Overall, the DTR model consistently demonstrated superior diagnostic performance across all cohorts. The relatively suboptimal results of the Rad model align with prior criticisms of traditional radiomics, which highlight challenges related to feature redundancy and limited generalizability. While the DTL model exhibited intermediate performance, its standalone application may fail to capture critical textural information effectively addressed by radiomics. These findings are consistent with recent studies advocating for hybrid frameworks, reinforcing that the fusion of multimodal features enhances diagnostic robustness, particularly in small and heterogeneous datasets. The comparative effectiveness of the three models is detailed in Table 2 and illustrated in Figure 4.

Table 2

Model performance comparison across different datasets

Cohort Signature Accuracy AUC 95% CI Sensitivity Specificity PPV NPV Precision Recall F1 Threshold
Train Rad 0.779 0.743 0.6597–0.8262 0.892 0.519 0.811 0.675 0.811 0.892 0.849 0.622
DTL 0.791 0.843 0.7773–0.9081 0.792 0.788 0.896 0.621 0.896 0.792 0.841 0.691
DTR 0.942 0.975 0.9529–0.9981 0.950 0.923 0.966 0.889 0.966 0.950 0.958 0.565
Test Rad 0.800 0.642 0.4832–0.8007 0.946 0.368 0.815 0.700 0.815 0.946 0.876 0.492
DTL 0.733 0.757 0.6223–0.8909 0.750 0.684 0.875 0.481 0.875 0.750 0.808 0.683
DTR 0.800 0.851 0.7328–0.9683 0.768 0.895 0.956 0.567 0.956 0.768 0.851 0.778
Validation Rad 0.667 0.613 0.4522–0.7747 0.844 0.368 0.692 0.583 0.692 0.844 0.761 0.699
DTL 0.725 0.701 0.5374–0.8639 0.812 0.579 0.765 0.647 0.765 0.812 0.788 0.741
DTR 0.667 0.727 0.5876–0.8663 0.594 0.789 0.826 0.536 0.826 0.594 0.691 0.853

AUC, area under the curve; CI, confidence interval; DTL, deep transfer learning; DTR, deep transfer radiomics; NPV, negative predictive value; PPV, positive predictive value; Rad, radiomics.

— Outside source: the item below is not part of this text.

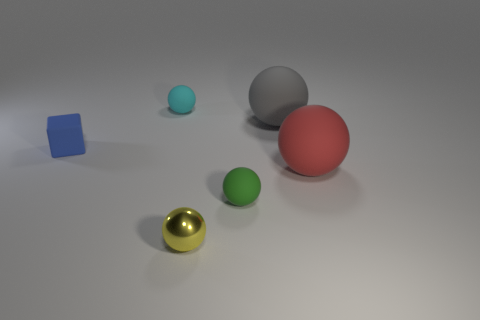How many things are either small matte objects behind the small blue thing or cyan balls behind the blue block? There are a total of two objects that meet the criteria of being either small matte objects behind the small blue thing or cyan balls behind the blue block. Specifically, there is one small matte object – a gray ball – behind the small blue cube, and one cyan ball behind the blue cube. 
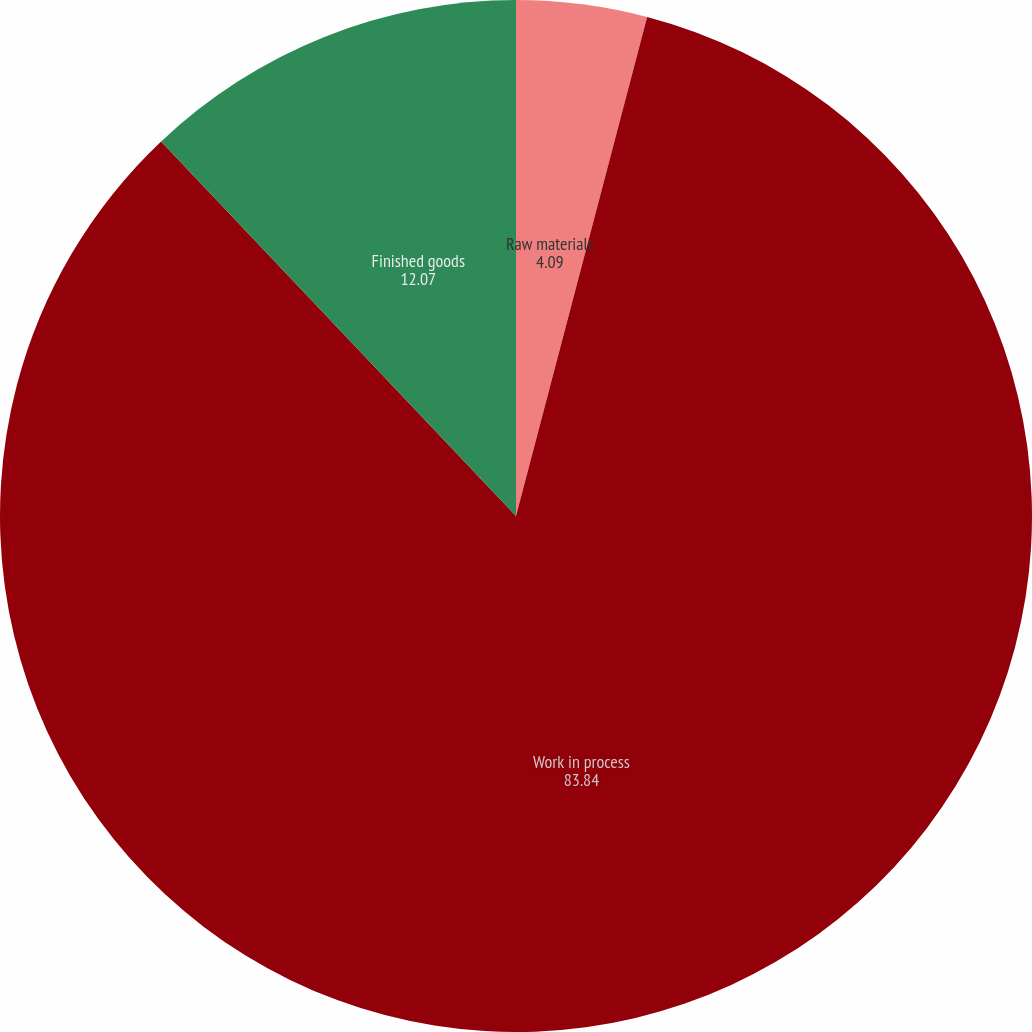<chart> <loc_0><loc_0><loc_500><loc_500><pie_chart><fcel>Raw materials<fcel>Work in process<fcel>Finished goods<nl><fcel>4.09%<fcel>83.84%<fcel>12.07%<nl></chart>

Figure 4 ROC curves evaluating the diagnostic performance of the models in predicting malignancy in Lung-RADS category 3 and 4A pulmonary nodules across different datasets. (A) ROC curve for the training cohort, reflecting the model’s learning capability. (B) ROC curve for the test cohort, assessing predictive performance on unseen data. (C) ROC curve for the validation cohort, providing an independent evaluation of model generalizability. AUC, area under the curve; CI, confidence interval; DTL, deep transfer learning; DTR, deep transfer radiomics; Lung-RADS, Lung Imaging Reporting and Data System; Rad, radiomics; ROC, receiver operating characteristic.

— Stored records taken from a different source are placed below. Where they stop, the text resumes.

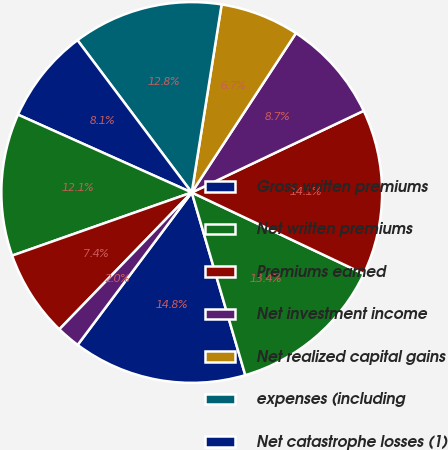Convert chart to OTSL. <chart><loc_0><loc_0><loc_500><loc_500><pie_chart><fcel>Gross written premiums<fcel>Net written premiums<fcel>Premiums earned<fcel>Net investment income<fcel>Net realized capital gains<fcel>expenses (including<fcel>Net catastrophe losses (1)<fcel>Commission brokerage taxes and<fcel>Other underwriting expenses<fcel>Corporate expenses<nl><fcel>14.76%<fcel>13.42%<fcel>14.09%<fcel>8.72%<fcel>6.71%<fcel>12.75%<fcel>8.05%<fcel>12.08%<fcel>7.38%<fcel>2.01%<nl></chart> 
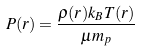<formula> <loc_0><loc_0><loc_500><loc_500>P ( r ) = \frac { \rho ( r ) k _ { B } T ( r ) } { \mu m _ { p } }</formula> 
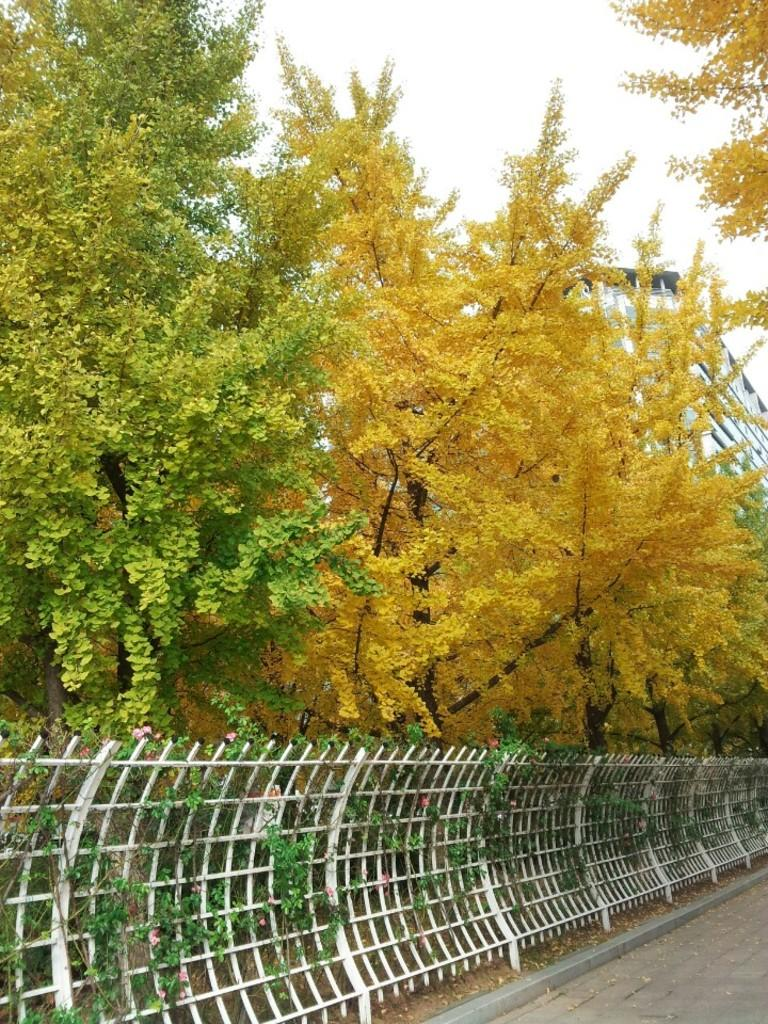What can be seen in the image that might be used for support or safety? There is a railing in the image that might be used for support or safety. What type of natural scenery is visible in the background of the image? There are trees in the background of the image. What colors can be observed on the trees in the image? The trees have green and yellow colors. What part of the natural environment is visible in the image? The sky is visible in the image. What type of soap is being used to clean the linen in the image? There is no soap or linen present in the image; it only features a railing and trees in the background.

Comparison of differences in model efficacy

In this study, we performed DeLong’s test across the training, testing, and validation sets to evaluate the AUC values of the three models and determine if there were significant differences in their ROC curves (Figure 5). The results, visually represented by color intensity where red indicates smaller P values and thus more significant differences, revealed the following:

Figure 5 DeLong’s test results of the three models across different datasets. (A) DeLong’s test results in the training set; (B) DeLong’s test results in the testing set; (C) DeLong’s test results in the external validation set. DTL, deep transfer learning; DTR, deep transfer radiomics; Rad, radiomics.

In the training set, the DTR model demonstrated a significant advantage over the DTL and Rad models (P<0.001). However, in the testing set, while DTR still outperformed Rad (P=0.03), its superiority was less pronounced than in the training set, and it no longer showed a significant difference compared to DTL (P=0.14). This suggests that the generalization ability of the DTR model may be constrained by data distribution or model complexity. In the validation set, no significant differences were found among DTR, Rad, and DTL, which might be due to differences in the distribution of samples across the models.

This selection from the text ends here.